::: Available data

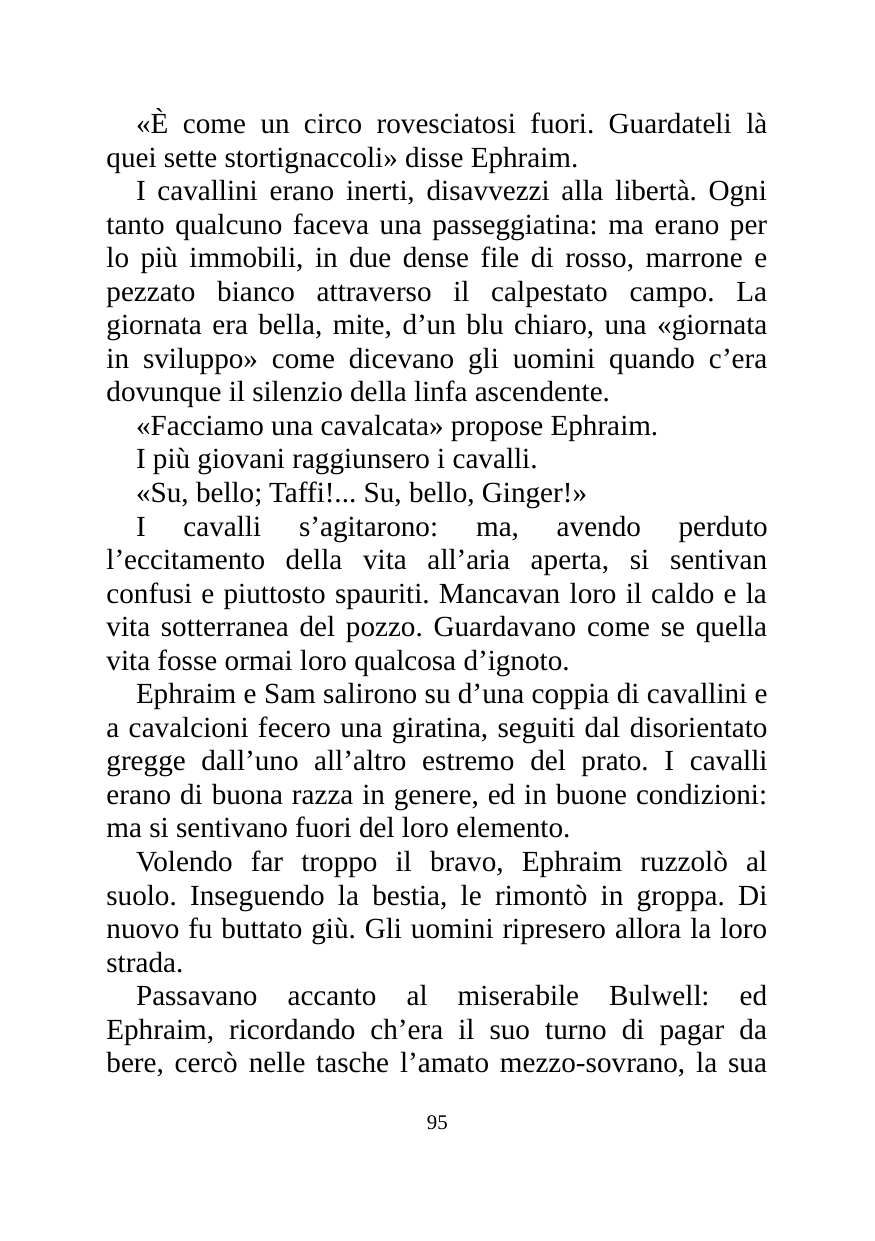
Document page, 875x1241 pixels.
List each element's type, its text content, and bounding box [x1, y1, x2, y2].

text «Facciamo una cavalcata» propose Ephraim. [106, 408, 768, 442]
text Passavano accanto al miserabile Bulwell: ed Ephraim, ricordando ch’era il suo turno di pagar da bere, cercò nelle tasche l’amato mezzo-sovrano, la sua [106, 978, 768, 1079]
text «È come un circo rovesciatosi fuori. Guardateli là quei sette stortignaccoli» disse Ephraim. [106, 106, 768, 173]
text I più giovani raggiunsero i cavalli. [106, 442, 768, 475]
text Ephraim e Sam salirono su d’una coppia di cavallini e a cavalcioni fecero una giratina, seguiti dal disorientato gregge dall’uno all’altro estremo del prato. I cavalli erano di buona razza in genere, ed in buone condizioni: ma si sentivano fuori del loro elemento. [106, 676, 768, 844]
text I cavallini erano inerti, disavvezzi alla libertà. Ogni tanto qualcuno faceva una passeggiatina: ma erano per lo più immobili, in due dense file di rosso, marrone e pezzato bianco attraverso il calpestato campo. La giornata era bella, mite, d’un blu chiaro, una «giornata in sviluppo» come dicevano gli uomini quando c’era dovunque il silenzio della linfa ascendente. [106, 173, 768, 408]
text I cavalli s’agitarono: ma, avendo perduto l’eccitamento della vita all’aria aperta, si sentivan confusi e piuttosto spauriti. Mancavan loro il caldo e la vita sotterranea del pozzo. Guardavano come se quella vita fosse ormai loro qualcosa d’ignoto. [106, 509, 768, 676]
text «Su, bello; Taffi!... Su, bello, Ginger!» [106, 475, 768, 509]
text Volendo far troppo il bravo, Ephraim ruzzolò al suolo. Inseguendo la bestia, le rimontò in groppa. Di nuovo fu buttato giù. Gli uomini ripresero allora la loro strada. [106, 844, 768, 978]
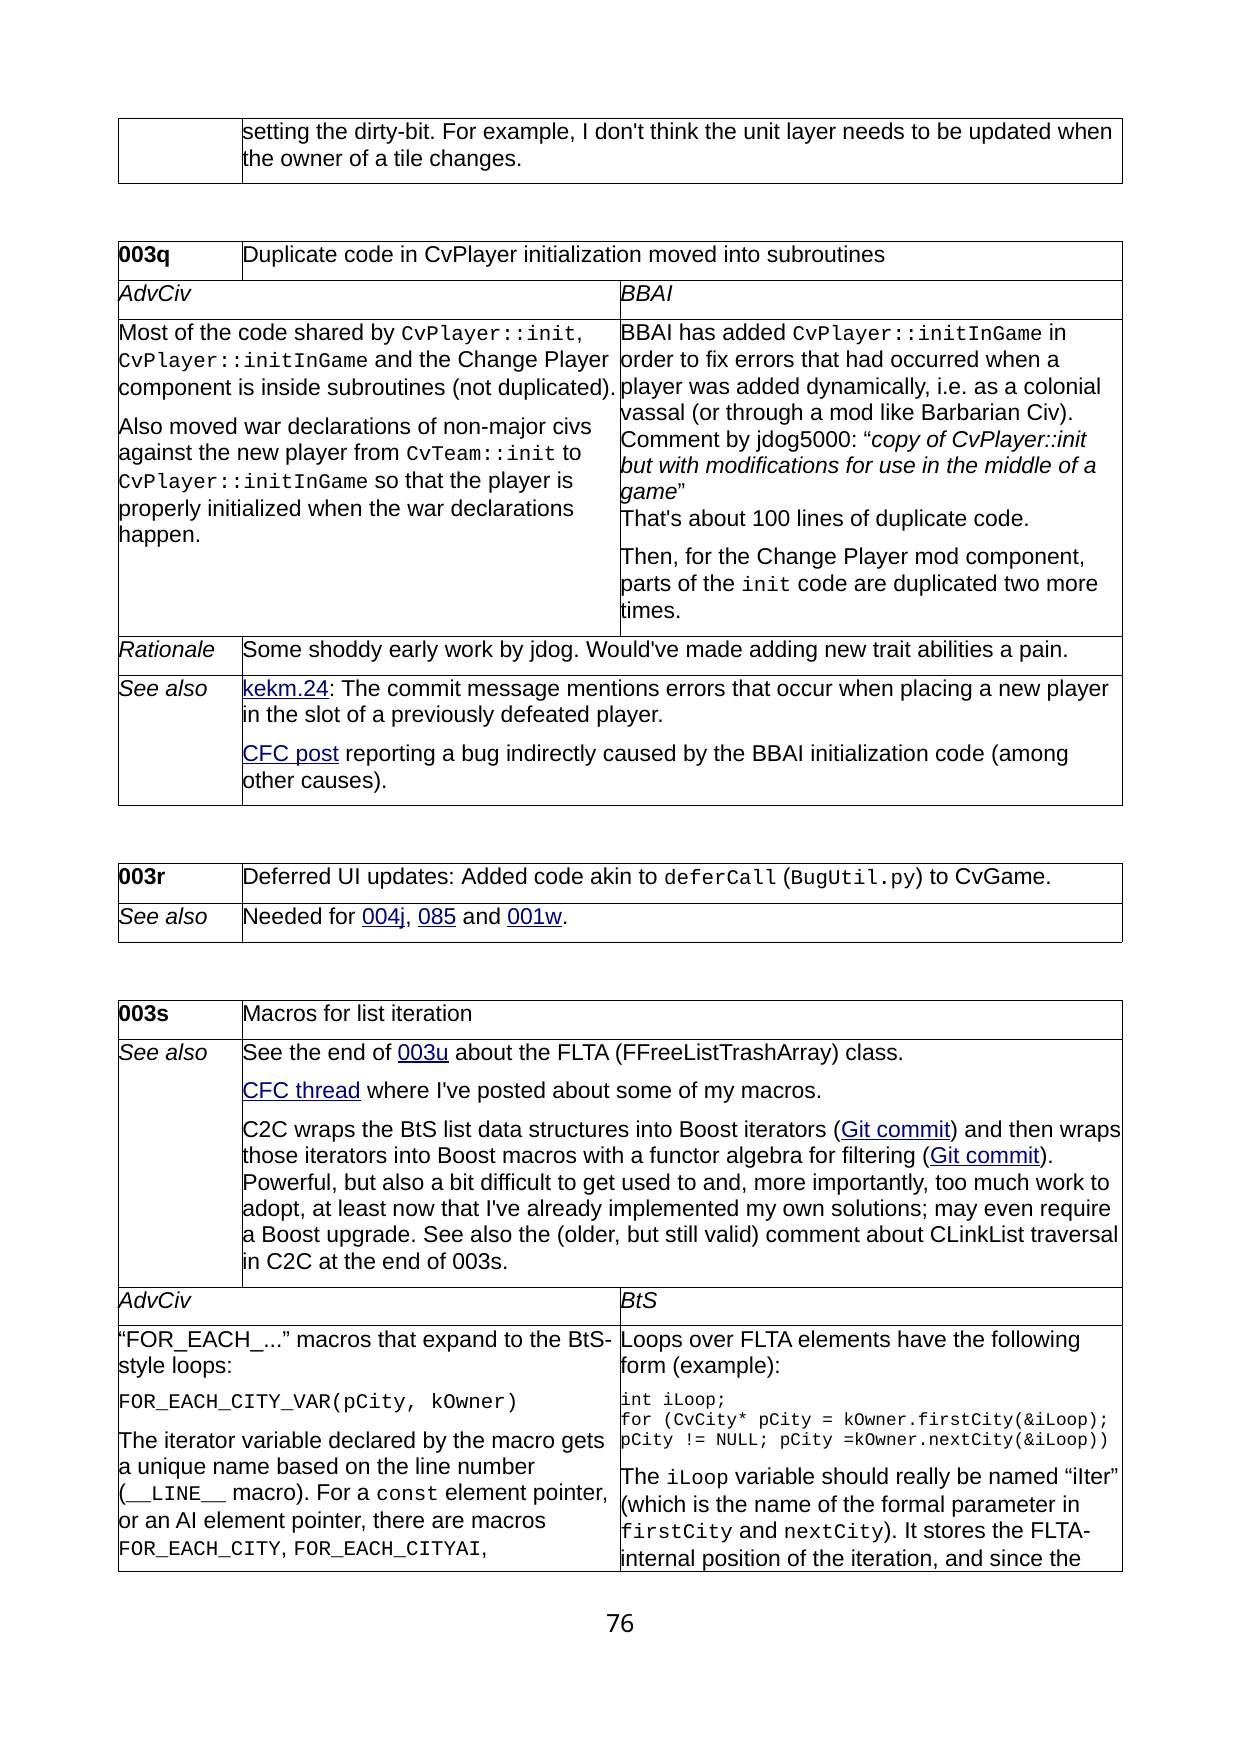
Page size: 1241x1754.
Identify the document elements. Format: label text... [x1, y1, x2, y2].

::::::

Within the material above, output exactly the lines from the one with "text Passavano accanto" through the one with "text I più giovani", end lines included, and nothing besides.

* [Output below]
text Passavano accanto al miserabile Bulwell: ed Ephraim, ricordando ch’era il suo turno di pagar da bere, cercò nelle tasche l’amato mezzo-sovrano, la sua [106, 978, 768, 1079]
text «È come un circo rovesciatosi fuori. Guardateli là quei sette stortignaccoli» disse Ephraim. [106, 106, 768, 173]
text I più giovani raggiunsero i cavalli. [106, 442, 768, 475]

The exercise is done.